§ **SOURCE DATA**
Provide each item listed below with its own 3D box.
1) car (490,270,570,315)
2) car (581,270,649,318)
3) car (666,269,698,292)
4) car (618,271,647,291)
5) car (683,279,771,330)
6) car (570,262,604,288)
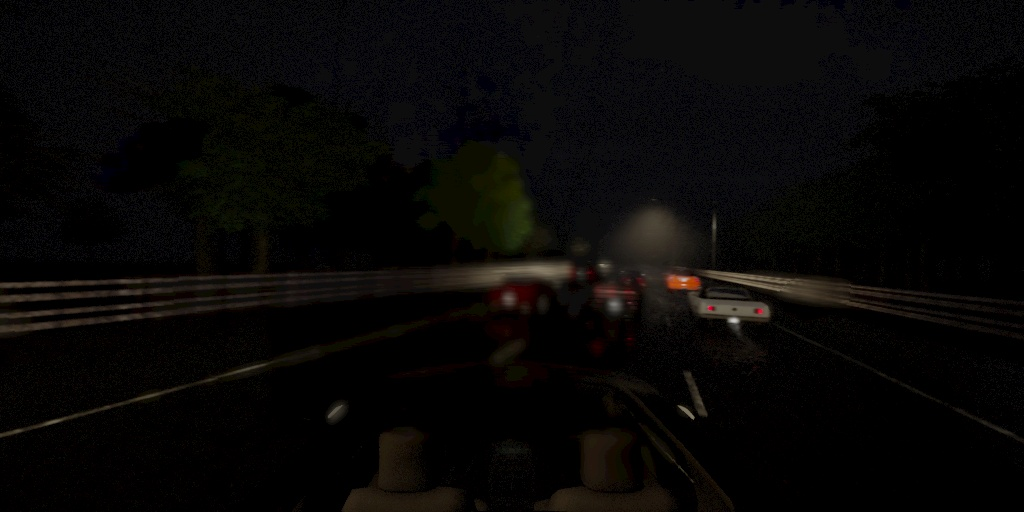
[{"bbox_3d":[0.795,1.421,14.952,1.882,1.535,5.008,1,-1,21],"label":"car"},{"bbox_3d":[4.442,1.532,14.679,2.128,1.511,4.902,1,-1,21],"label":"car"},{"bbox_3d":[12.965,1.792,27.415,2.097,1.767,4.553,1,-1,21],"label":"car"},{"bbox_3d":[9.761,1.935,28.844,1.994,1.385,4.181,1,-1,21],"label":"car"},{"bbox_3d":[7.495,1.702,12.883,1.895,1.301,4.718,1,-1,21],"label":"car"},{"bbox_3d":[6.032,1.491,28.892,2.150,2.045,5.566,1,-1,21],"label":"car"}]
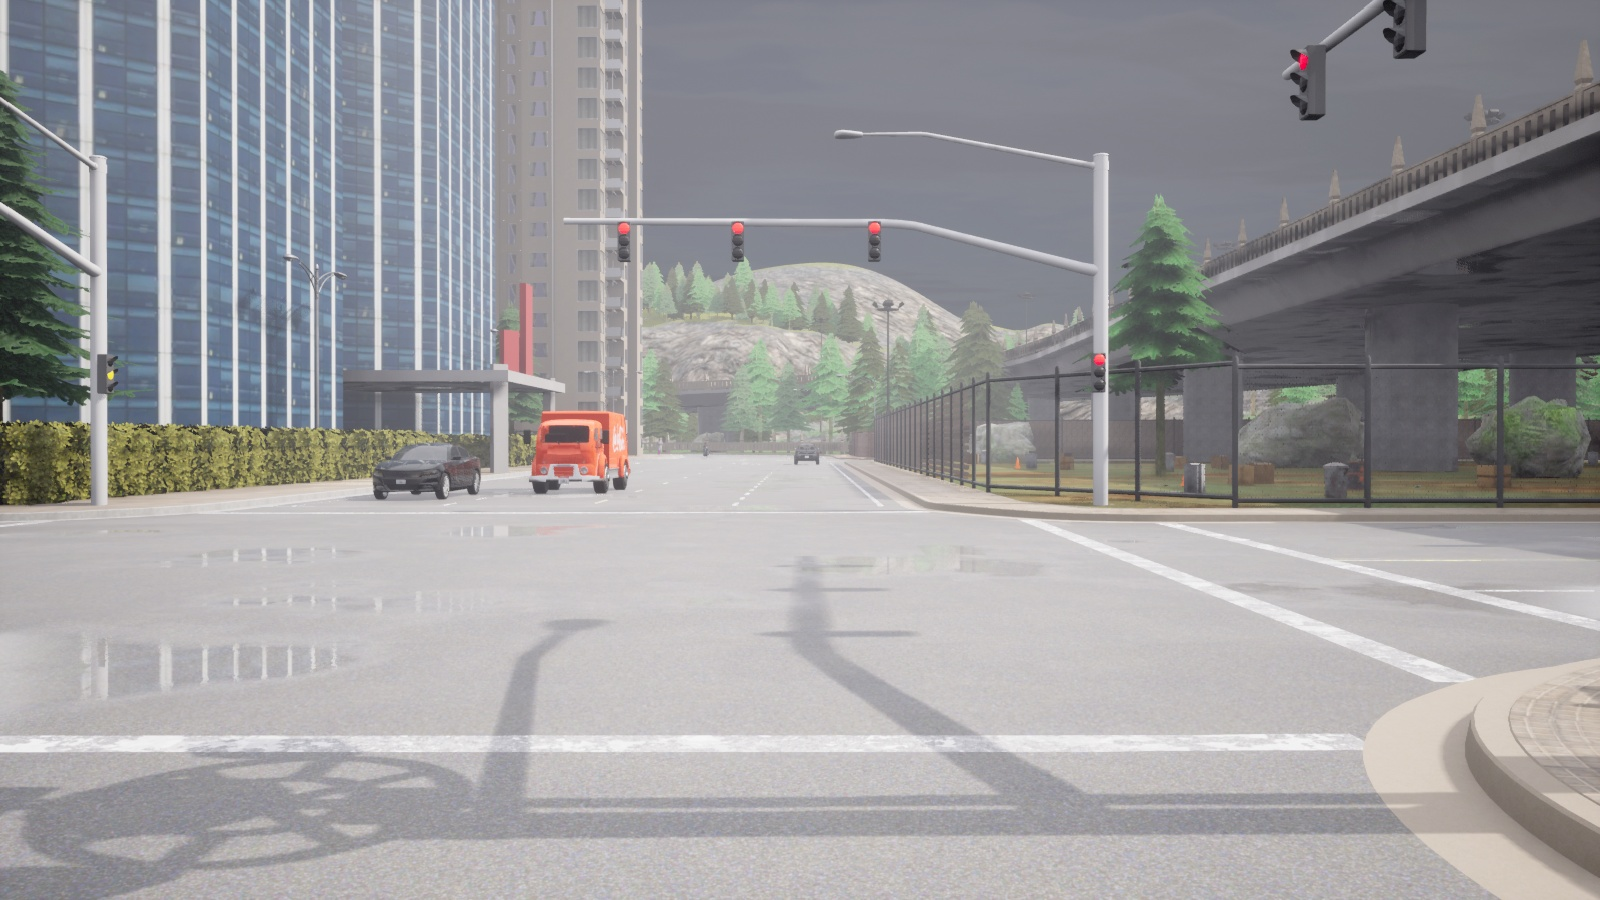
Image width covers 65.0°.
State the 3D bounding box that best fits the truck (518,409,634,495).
[{"bbox_3d":[-6.780,0.036,38.678,2.627,2.467,5.204,0,0,0],"label":"truck"}]

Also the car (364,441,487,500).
[{"bbox_3d":[-10.300,0.519,34.939,1.882,1.535,5.008,0,0,0],"label":"car"}]

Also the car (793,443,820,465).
[{"bbox_3d":[0.479,0.267,87.384,1.816,1.474,4.193,0,0,0],"label":"car"}]

§ **TASK STATEMENT**
From the opening line of the data above, please print each line as written up to and including the line that contains "5) car (683,279,771,330)", and nothing more.

§ **TASK SOLUTION**
Provide each item listed below with its own 3D box.
1) car (490,270,570,315)
2) car (581,270,649,318)
3) car (666,269,698,292)
4) car (618,271,647,291)
5) car (683,279,771,330)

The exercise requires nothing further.